A: Mean synaptic counts for N=7 ears, 4 monkeys are shown by the thick line and filled symbols. Traces for individual monkeys (thin lines) show no differences between animals from the two vivaria. B: Synapse survival is computed by normalizing to the mean data in panel A. TTS (teal) and PTS (red) cochleas had significant, frequency-dependent cochlear synaptopathy. For monkey M4 (single 146-dB SPL exposure), mean synapse survival (L and R) is also plotted separately. Statistical significance is reported relative to controls: *P<0.05; **P<0.01. Error bars represent ±1 SEM. Gray bars represent the exposure band.

Figure 5. Surviving IHCs were significantly de-afferented in regions with little OHC loss

Cytocochleograms, showing IHC and OHC survival in each row (black), are plotted for left (A) and right (B) ears of a PTS monkey with asymmetric histopathology (M3). The synaptic counts per surviving IHC are overlaid (red). Gray bars represent the exposure frequency. Legend applies to both panels.

Figure 6. Pre-synaptic ribbons were enlarged in noise-exposed cochleas

Normalized volumes for all pre-synaptic ribbons (A) and the percentage of ribbons classified as “hollow” (B) in controls (black), TTS monkeys (teal), and PTS monkeys (red). Paired and orphan ribbons were included in both analyses. Gray bars represent the exposure band. Error bars represent ±1SEM. For monkey M4 (single 146-dB SPL exposure), the left and right cochleas are plotted separately. Legend applies to both panels. Asterisks represent significance (***P<0.001).

Figure 7. Cable-like myosin aggregates were common in IHCs of PTS ears

Maximum-intensity projections of confocal z-stacks in the x-z plane (A) and y-z plane (B), including 7 IHCs from the 2.8 kHz region in a PTS cochlea. Many IHCs (asterisks in A) show myosin 7a aggregates spanning the apical-basal pole. C: Mean % of affected IHCs for control (black), TTS (teal), and PTS (red) cochleas (N=7, 4, 8 cochleas, respectively). Error bars represent ±1 SEM. Gray bar represents the exposure band.
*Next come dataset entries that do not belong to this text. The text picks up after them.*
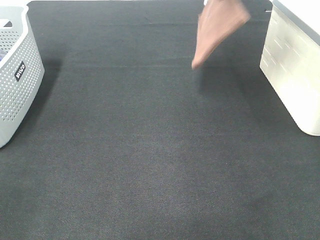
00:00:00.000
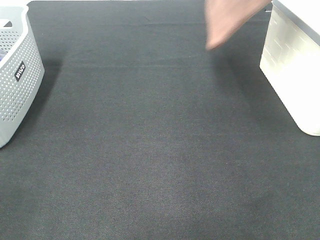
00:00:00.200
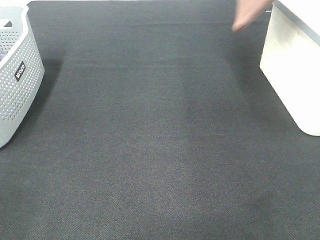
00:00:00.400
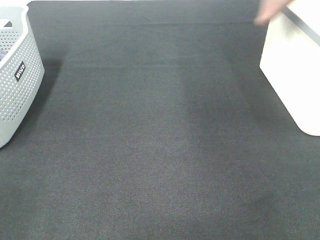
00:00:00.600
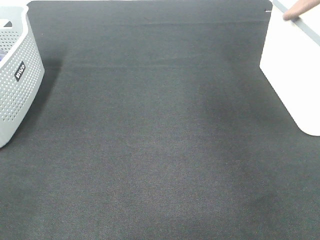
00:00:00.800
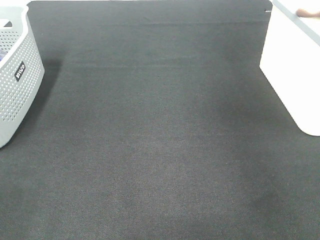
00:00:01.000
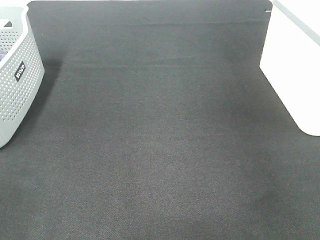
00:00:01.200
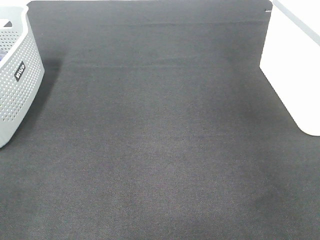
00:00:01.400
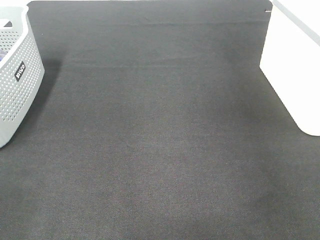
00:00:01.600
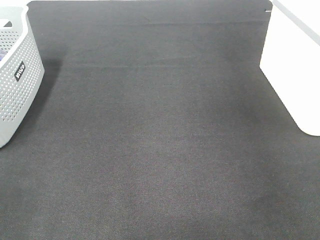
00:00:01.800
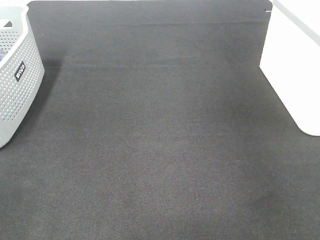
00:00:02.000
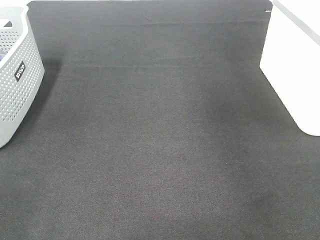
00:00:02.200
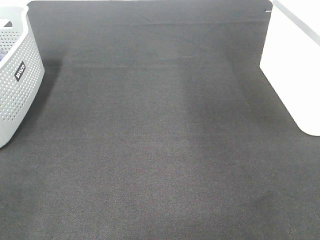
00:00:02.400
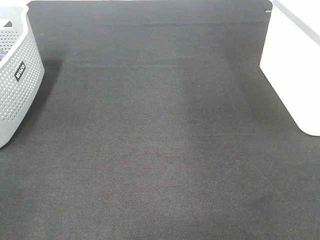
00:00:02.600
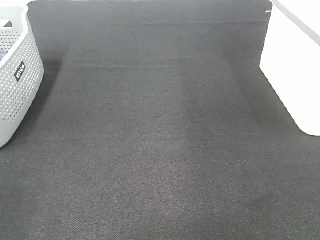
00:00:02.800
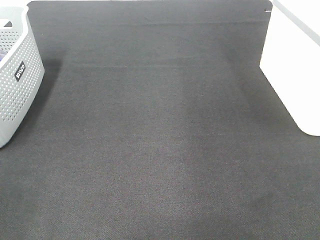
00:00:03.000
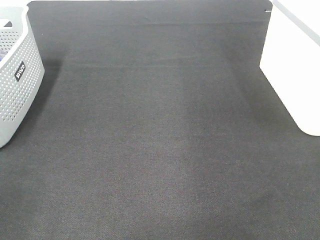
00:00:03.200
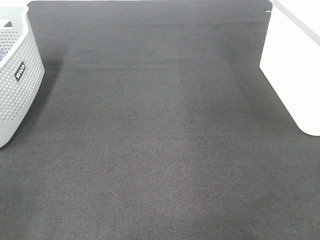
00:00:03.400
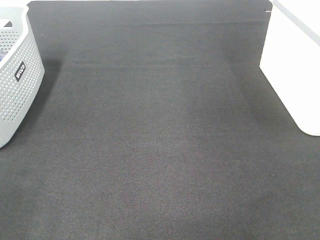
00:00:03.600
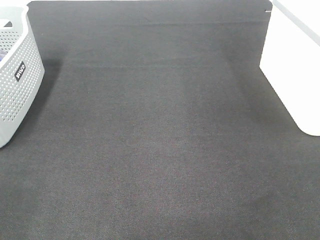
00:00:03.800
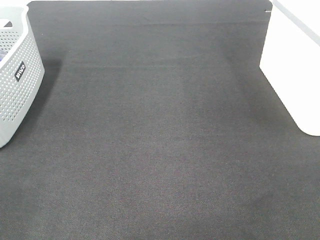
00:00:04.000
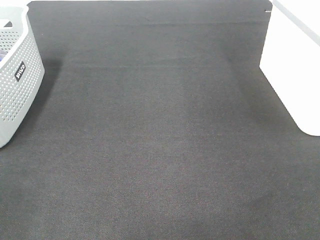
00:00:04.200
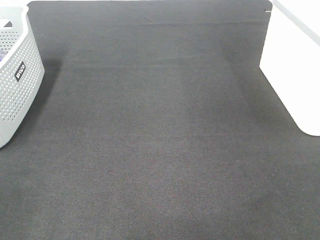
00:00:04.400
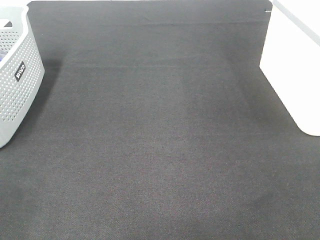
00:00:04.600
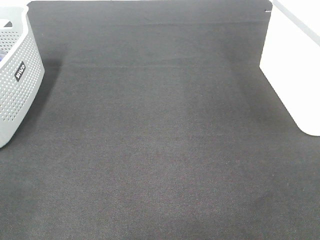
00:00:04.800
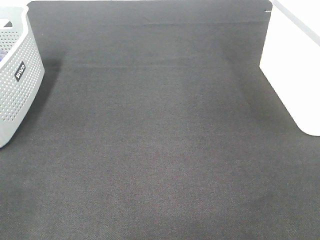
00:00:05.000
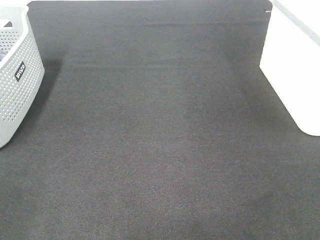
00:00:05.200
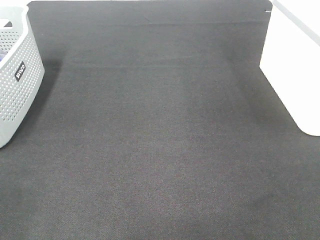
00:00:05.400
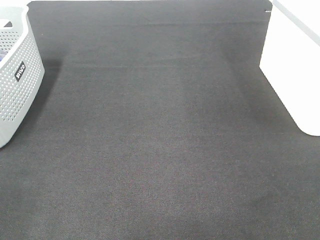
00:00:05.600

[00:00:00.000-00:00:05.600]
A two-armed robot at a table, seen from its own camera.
Step, 00:00:00.000 to 00:00:01.800: Right hand: place the brown towel in right basket.
00:00:00.000 to 00:00:01.400: The right gripper shifts roughly 25 cm to the right.

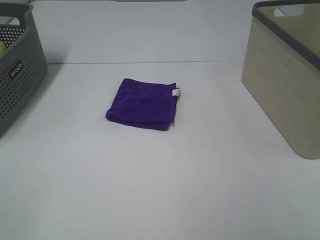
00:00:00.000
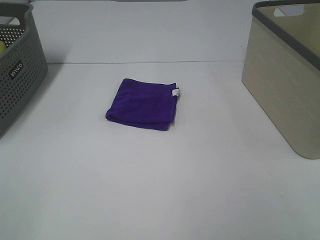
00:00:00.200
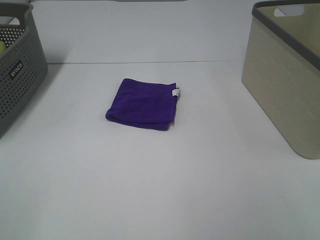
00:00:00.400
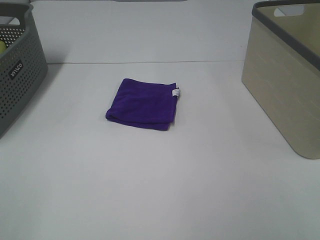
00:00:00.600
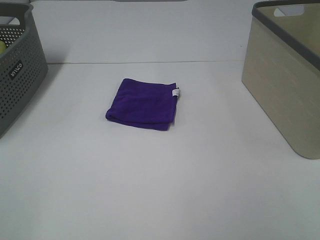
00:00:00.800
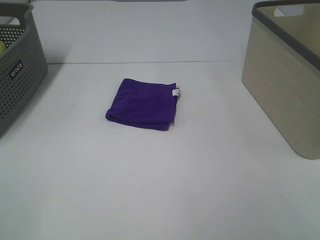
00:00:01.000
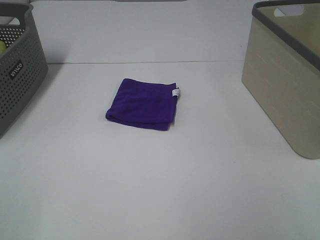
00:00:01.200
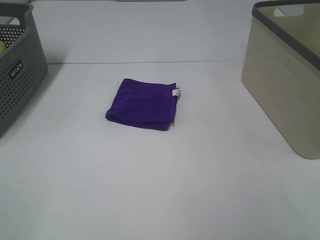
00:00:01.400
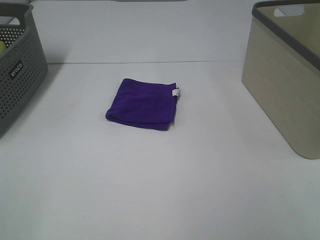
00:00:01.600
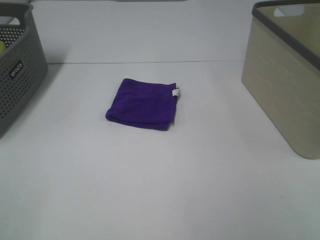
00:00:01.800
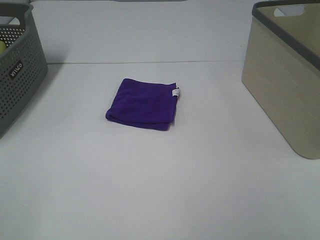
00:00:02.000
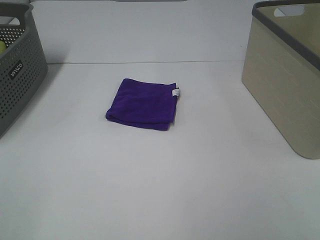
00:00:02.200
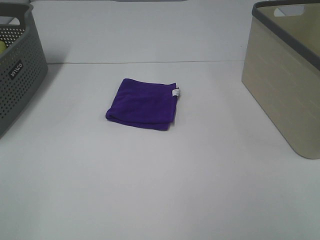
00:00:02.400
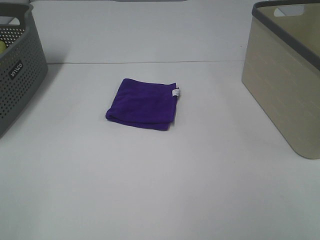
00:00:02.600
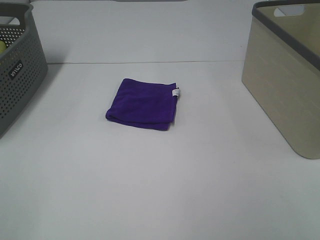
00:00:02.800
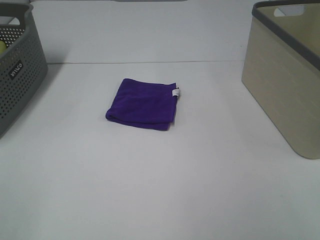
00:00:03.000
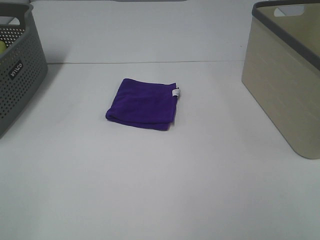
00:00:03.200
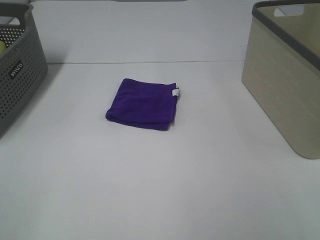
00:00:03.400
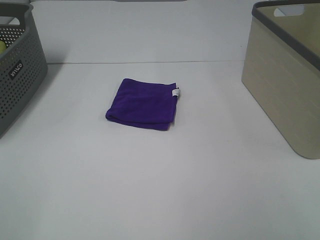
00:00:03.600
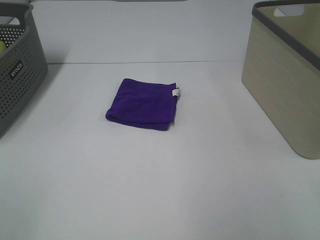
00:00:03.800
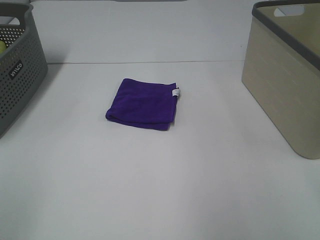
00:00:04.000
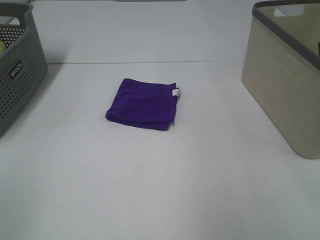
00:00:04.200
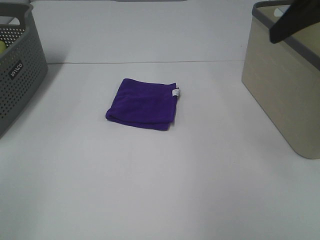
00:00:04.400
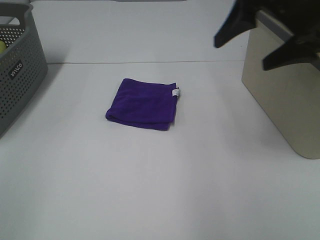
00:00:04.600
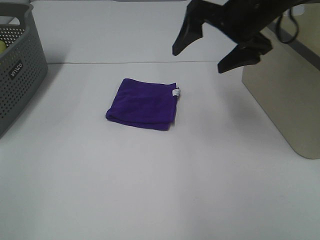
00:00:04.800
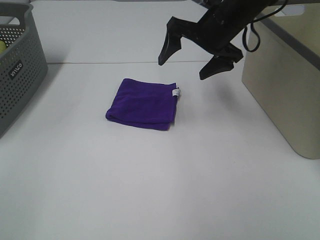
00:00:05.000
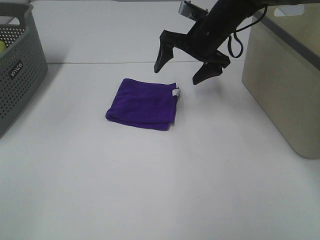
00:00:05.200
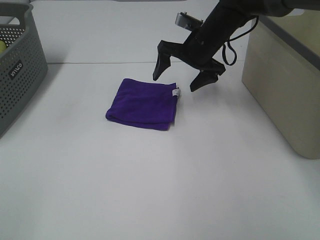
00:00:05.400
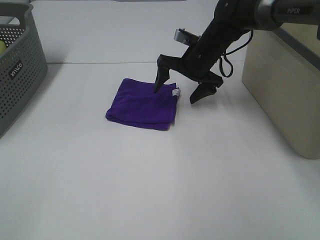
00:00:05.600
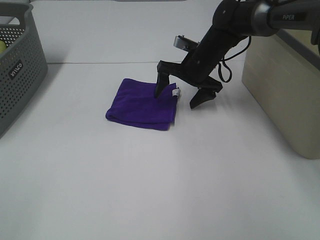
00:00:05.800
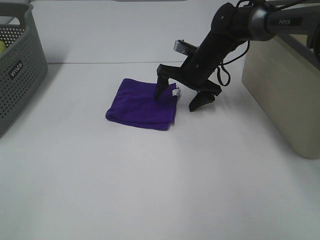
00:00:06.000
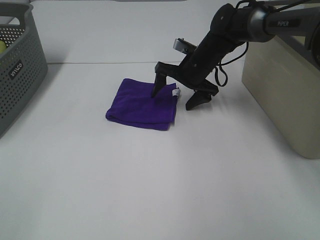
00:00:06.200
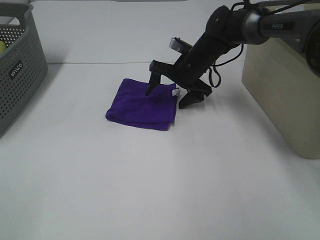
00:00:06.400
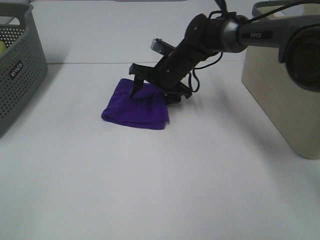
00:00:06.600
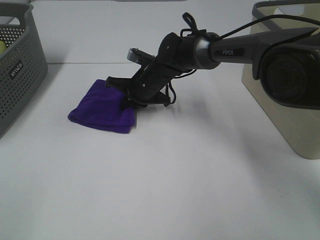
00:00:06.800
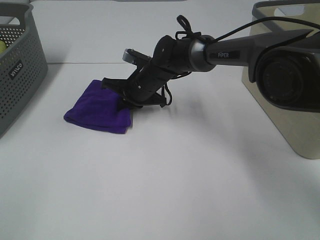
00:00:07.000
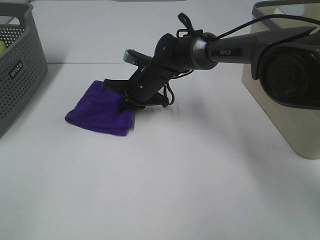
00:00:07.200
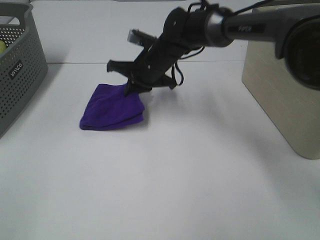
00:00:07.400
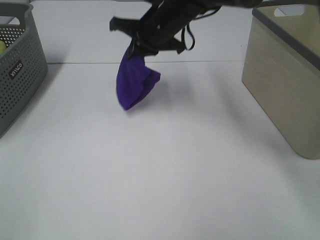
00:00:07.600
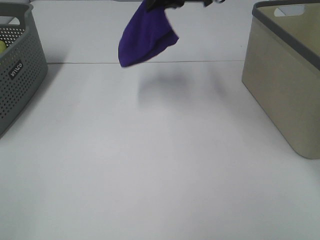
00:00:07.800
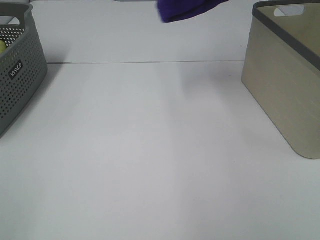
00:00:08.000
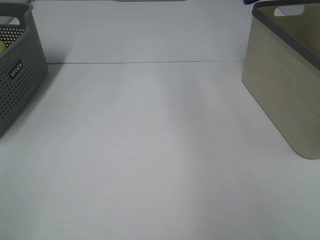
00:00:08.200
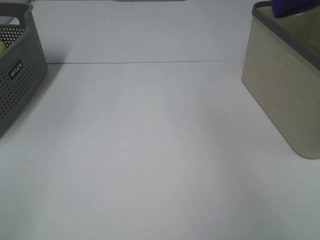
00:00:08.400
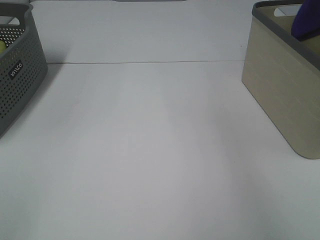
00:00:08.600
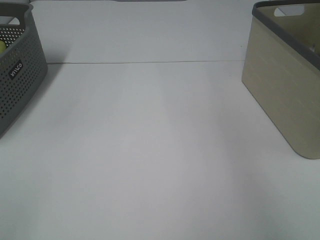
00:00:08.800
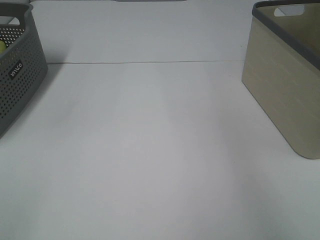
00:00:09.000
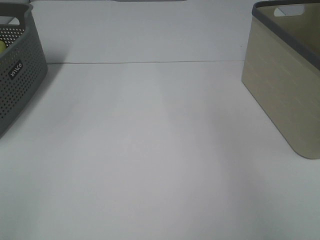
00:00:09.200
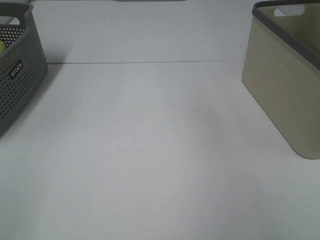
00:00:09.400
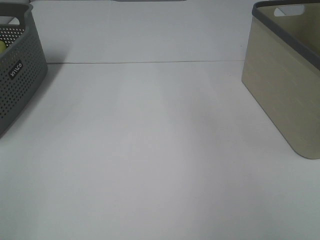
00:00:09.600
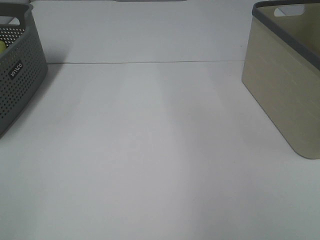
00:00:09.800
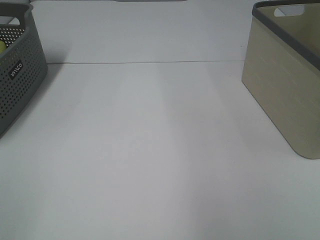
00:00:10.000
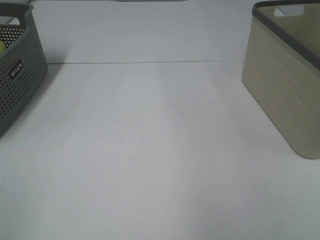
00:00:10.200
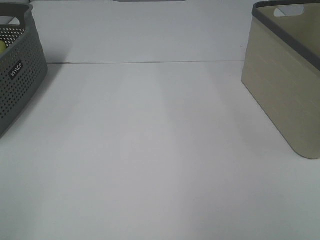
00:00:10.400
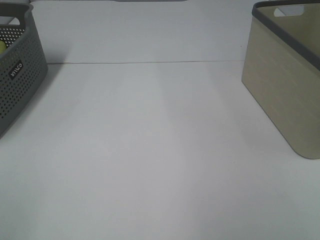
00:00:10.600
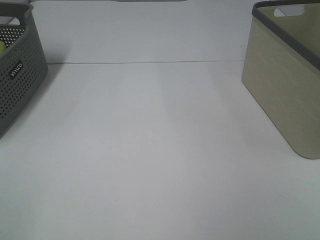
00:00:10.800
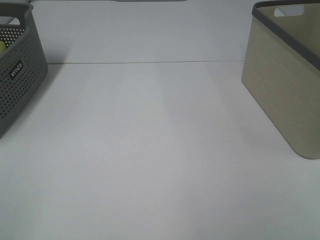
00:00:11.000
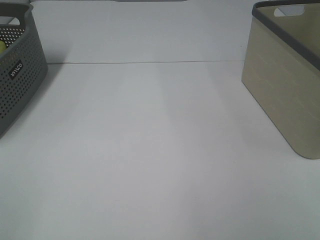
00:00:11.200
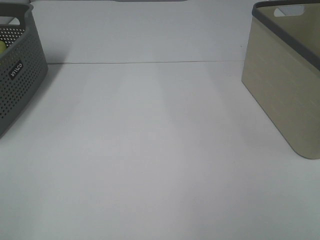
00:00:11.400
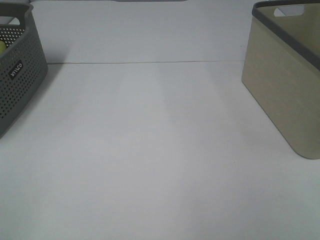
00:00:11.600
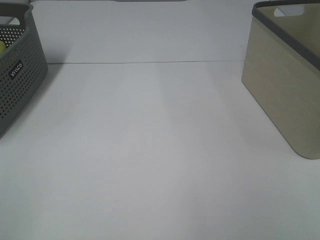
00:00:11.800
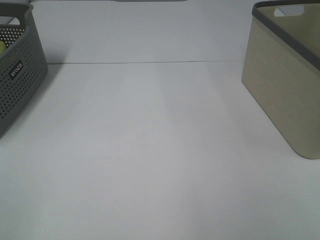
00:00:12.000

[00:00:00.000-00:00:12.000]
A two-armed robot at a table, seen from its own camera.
Step, 00:00:00.000 to 00:00:06.800: Right hand: grab the folded purple towel.
Step, 00:00:07.000 to 00:00:09.000: Right hand: place the purple towel in right basket.
00:00:00.000 to 00:00:03.000: Neither gripper changes place.
00:00:03.000 to 00:00:04.400: The right gripper moves forward, some 25 cm.
00:00:04.400 to 00:00:06.000: The right gripper shifts approximately 35 cm downward, forward and to the left.
00:00:06.000 to 00:00:07.600: The right gripper heads upward and to the left, covering some 15 cm, and closes its fingers.
00:00:07.600 to 00:00:09.000: The right gripper travels to the right by approximately 35 cm, and opens its fingers.

Figure 8. IHC pathologies were common in PTS ears

A-C: Confocal micrographs of pathological IHCs are marked with arrows to indicate: cytoplasmic extrusions from the cuticular plate (A), or the basal pole (B), myosin 7a-positive nuclei (C), and irregular stereocilia (C, open arrow; not quantified). The yellow dashed line in (B) traces the edges of the tunnel of Corti. Plots below each micrograph show the percentage of IHCs affected in each group: For monkey M4 (single 146-dB SPL exposure), data for each ear are plotted separately. Legend in B applies to all panels. Error bars represent ±1 SEM. Gray bars represent the exposure band.